# How to care for Wa handles and good sharpening tools to keep knives sharp?



## celbrise (May 13, 2017)

just got the geshi ginga from japanese knife imports never seen or used any knives with a wa handle before so of course it interested me in buying one. i was wondering 2 things. 1. can i use this knife right away out of the box or does it need to be oiled before use? 2. how do i properly care for these handles? i see people sanding them and oiling them but i mean what oils do i use, grit on sand paper, how often to sand handle and oil, etc..

also am looking for new wet stones i currently have a 1000grit wet stone that i use on occasion only. i want to sharpen my own knives more frequently at home and take better care of them but idk where to start. i also do not hone my knife atm. my old hone is rusted. could you please suggest some products? i am also wondering if a knife sharpening guide is best to use for a beginner or are those things not worth buying? 
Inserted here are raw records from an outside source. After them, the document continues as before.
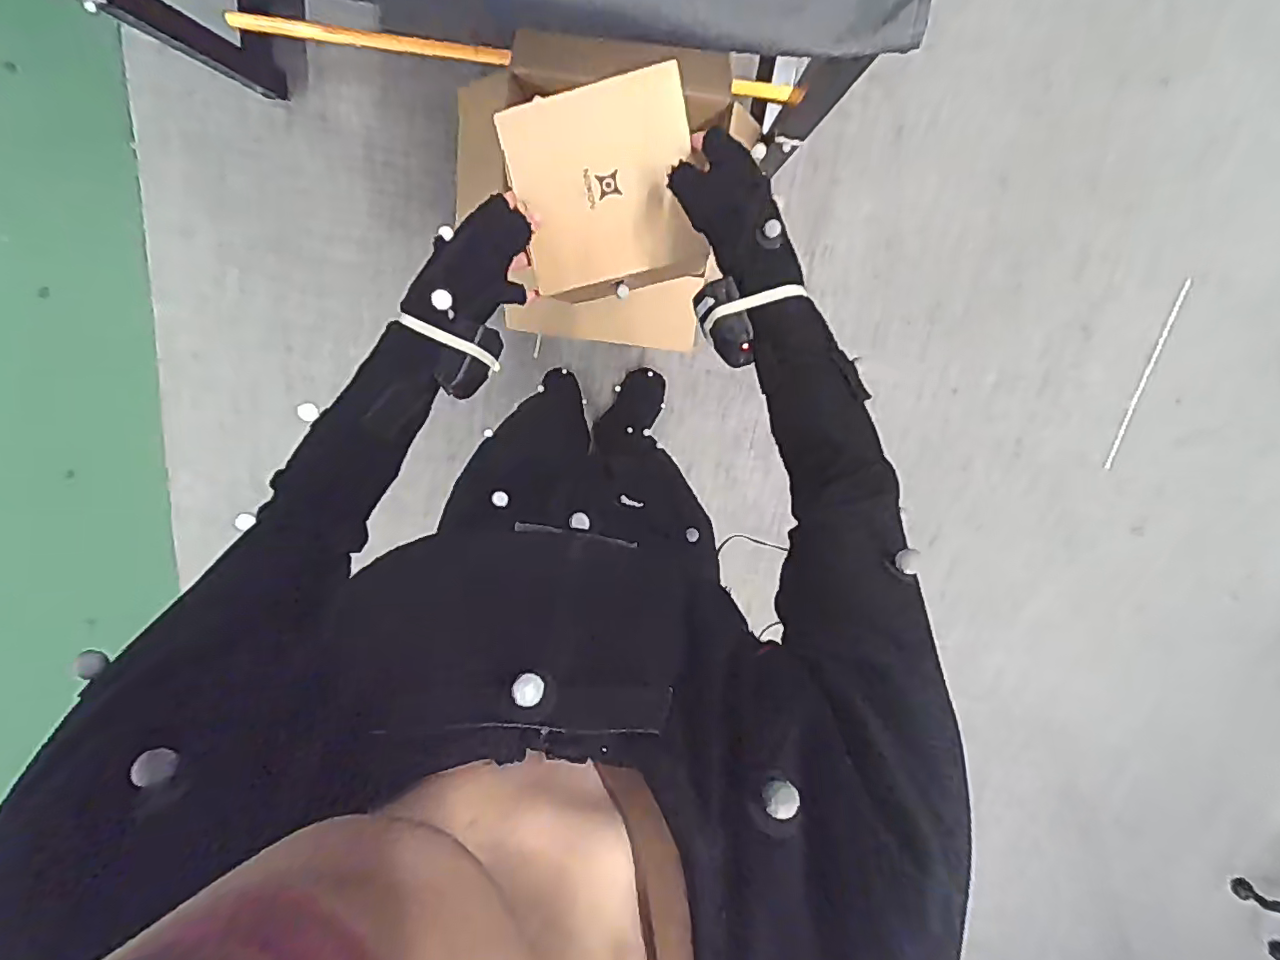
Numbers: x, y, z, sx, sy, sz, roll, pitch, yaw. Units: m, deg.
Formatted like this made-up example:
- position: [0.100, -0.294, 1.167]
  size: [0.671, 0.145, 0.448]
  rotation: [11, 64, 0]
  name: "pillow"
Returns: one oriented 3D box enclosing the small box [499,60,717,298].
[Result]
- position: [-0.023, -0.298, 0.578]
  size: [0.179, 0.176, 0.168]
  rotation: [-11, 105, 8]
  name: "small box"

i have a blue steel kiritsuke 10inch by shun and the gesshin ginga white steel #2 10in with the wa handle. i also have a mercer i think it's the gensis series that i don't really use anymore.


----------



## jbroida (Nov 13, 2011)

you can use it right away... the handle only needs oiling (i use mineral oil and beeswax in a mix) when it looks/feels dry.  Sanding isnt necessary most of the time.  If anything is confusing, just give me a call at work (by the way, i'm Jon from Japanese Knife Imports).  I'd be happy to talk things through with you.


----------



## celbrise (May 13, 2017)

oh damn i didn't know you were jon lmfao. i really appreciate the call and letter in the box. i had one more question. will the handle stain when it comes in contact with juices from meats like steaks and short ribs?


----------



## jbroida (Nov 13, 2011)

it can... but treating it with mineral oil and beeswax regularly will help reduce staining... and if it does stain, light sanding can fix it most of the time.


----------